What this task involves: Check each line of the records below and collect those holding "significant".

Collected data entries:

:::

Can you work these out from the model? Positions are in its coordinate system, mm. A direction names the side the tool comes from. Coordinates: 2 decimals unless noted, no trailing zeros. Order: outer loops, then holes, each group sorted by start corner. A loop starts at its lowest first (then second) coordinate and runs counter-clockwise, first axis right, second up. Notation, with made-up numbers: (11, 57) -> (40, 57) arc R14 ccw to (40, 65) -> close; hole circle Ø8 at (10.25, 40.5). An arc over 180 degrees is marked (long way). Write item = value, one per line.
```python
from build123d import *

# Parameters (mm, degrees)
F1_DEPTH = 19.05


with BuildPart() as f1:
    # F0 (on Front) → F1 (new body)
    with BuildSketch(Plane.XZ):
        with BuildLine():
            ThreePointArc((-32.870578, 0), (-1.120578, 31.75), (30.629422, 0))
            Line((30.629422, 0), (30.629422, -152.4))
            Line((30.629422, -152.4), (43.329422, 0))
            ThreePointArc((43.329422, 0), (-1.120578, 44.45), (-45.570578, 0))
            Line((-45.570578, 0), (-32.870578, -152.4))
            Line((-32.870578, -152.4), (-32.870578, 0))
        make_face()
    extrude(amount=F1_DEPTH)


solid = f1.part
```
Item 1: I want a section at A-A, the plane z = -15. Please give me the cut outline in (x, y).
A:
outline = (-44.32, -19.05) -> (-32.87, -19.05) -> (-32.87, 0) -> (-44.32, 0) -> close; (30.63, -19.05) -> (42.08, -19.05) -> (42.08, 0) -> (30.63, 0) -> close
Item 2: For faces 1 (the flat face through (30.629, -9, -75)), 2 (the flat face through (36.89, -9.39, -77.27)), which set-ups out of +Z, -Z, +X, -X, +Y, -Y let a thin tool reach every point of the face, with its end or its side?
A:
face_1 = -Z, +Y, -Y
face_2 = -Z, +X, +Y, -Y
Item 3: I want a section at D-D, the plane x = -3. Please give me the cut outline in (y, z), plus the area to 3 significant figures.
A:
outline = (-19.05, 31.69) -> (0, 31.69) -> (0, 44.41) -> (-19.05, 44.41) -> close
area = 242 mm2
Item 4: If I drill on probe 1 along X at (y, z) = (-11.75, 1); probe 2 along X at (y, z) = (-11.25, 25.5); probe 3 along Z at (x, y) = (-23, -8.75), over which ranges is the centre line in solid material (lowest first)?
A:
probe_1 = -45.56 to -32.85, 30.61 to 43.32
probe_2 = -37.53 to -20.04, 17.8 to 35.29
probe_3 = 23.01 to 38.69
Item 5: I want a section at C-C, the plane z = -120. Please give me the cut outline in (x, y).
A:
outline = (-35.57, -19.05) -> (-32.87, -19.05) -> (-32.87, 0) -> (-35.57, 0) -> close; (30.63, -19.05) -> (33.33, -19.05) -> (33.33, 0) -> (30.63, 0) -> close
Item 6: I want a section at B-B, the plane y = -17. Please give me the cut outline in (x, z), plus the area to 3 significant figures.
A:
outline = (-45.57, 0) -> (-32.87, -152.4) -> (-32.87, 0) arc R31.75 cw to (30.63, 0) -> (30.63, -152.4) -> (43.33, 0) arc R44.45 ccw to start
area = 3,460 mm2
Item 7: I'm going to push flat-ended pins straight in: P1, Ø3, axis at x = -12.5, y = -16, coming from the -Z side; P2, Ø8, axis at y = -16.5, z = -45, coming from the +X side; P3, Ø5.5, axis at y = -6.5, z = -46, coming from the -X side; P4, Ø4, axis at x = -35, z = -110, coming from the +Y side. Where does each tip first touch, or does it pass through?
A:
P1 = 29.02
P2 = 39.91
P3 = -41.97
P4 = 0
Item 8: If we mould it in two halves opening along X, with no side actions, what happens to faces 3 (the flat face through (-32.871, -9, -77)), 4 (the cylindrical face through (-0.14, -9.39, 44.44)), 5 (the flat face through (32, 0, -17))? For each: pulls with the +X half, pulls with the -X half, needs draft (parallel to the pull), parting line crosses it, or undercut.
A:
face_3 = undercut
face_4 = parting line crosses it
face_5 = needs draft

:::

Completed task:
Item 3: I want a section at D-D, the plane x = -3. Please give me the cut outline in (y, z), plus the area to 3 significant figures.
Item 6: I want a section at B-B, the plane y = -17. Please give me the cut outline in (x, z), plus the area to 3 significant figures.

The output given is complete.